#10 - bar italia - "Missus Morality" / "maddington" (tie)
Let the 2023 countdown begin!
I spent a lot of time listening to bar italia this year without really learning anything about the band or its songs. Some of that is by design—the vocals are often mumbled or buried in the brooding alt-rock mudslide, the themes orbit vague feelings and slices of slices of life. But I don’t need a Pitchfork interview or a Genius lyric analysis to grasp the spirit of this music. It hits with such potent feeling despite and because of its murky color and melted pulse. It’s a symphony of the sallow, a tour de force in shy melodies and gently beating, entrancing grooves. The way the three members rotate their vocals, sometimes harmonizing in contrasting tones like a human shadowed by a gloomy second self, makes me imagine friends rendezvousing on a dark street corner, trading stories and comforting each other after a peculiar night out.
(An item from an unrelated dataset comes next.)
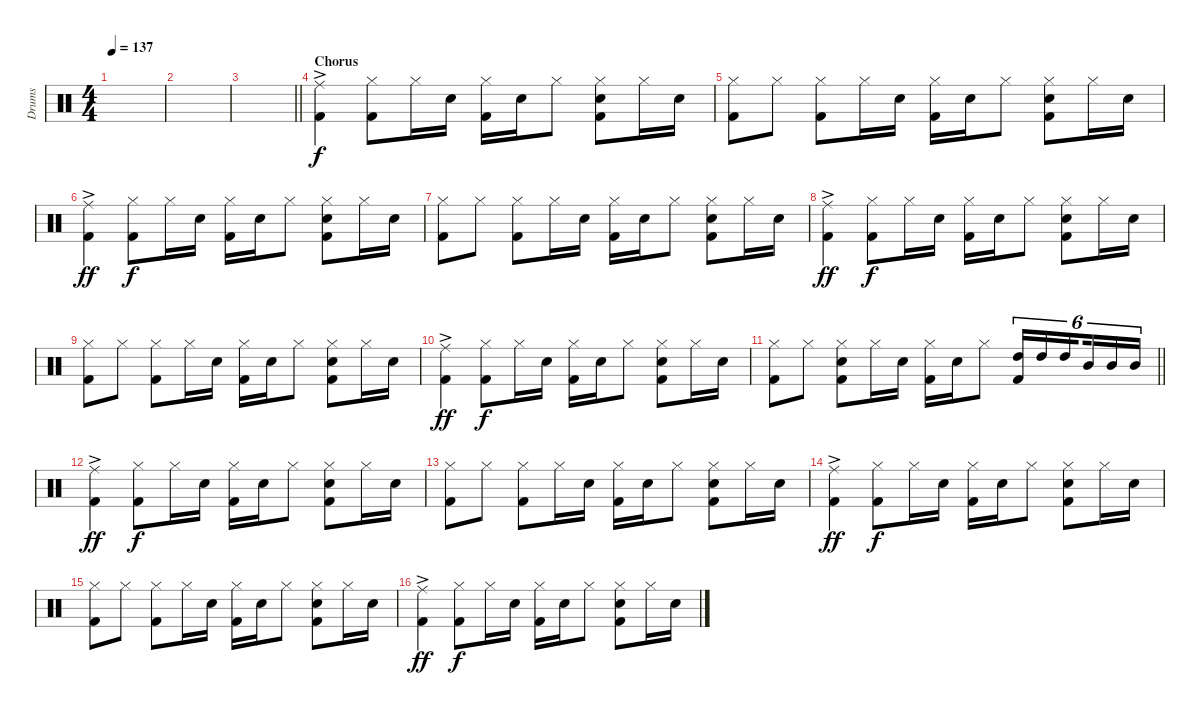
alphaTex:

Sometimes when I listen to bar italia riding the bus late or walking across the bridge in the rain, the songs lodge themselves so deeply in the rhythm of my thoughts I almost forget I’m listening to music.
After teasing you with tepid chords, “Missus Morality” wigs out into a whirling freefall. Nina Cristante exhorts you to “give up your dreams and come this way,” and it feels less like a command to be jaded than an invitation to enter into a lovely private secret. The equally cathartic “maddington” weaves sparkling violin into the attic-dusty instrumentation. It sounds like a long-enervated sad sack discovering happiness again, a gray existence letting light spill in.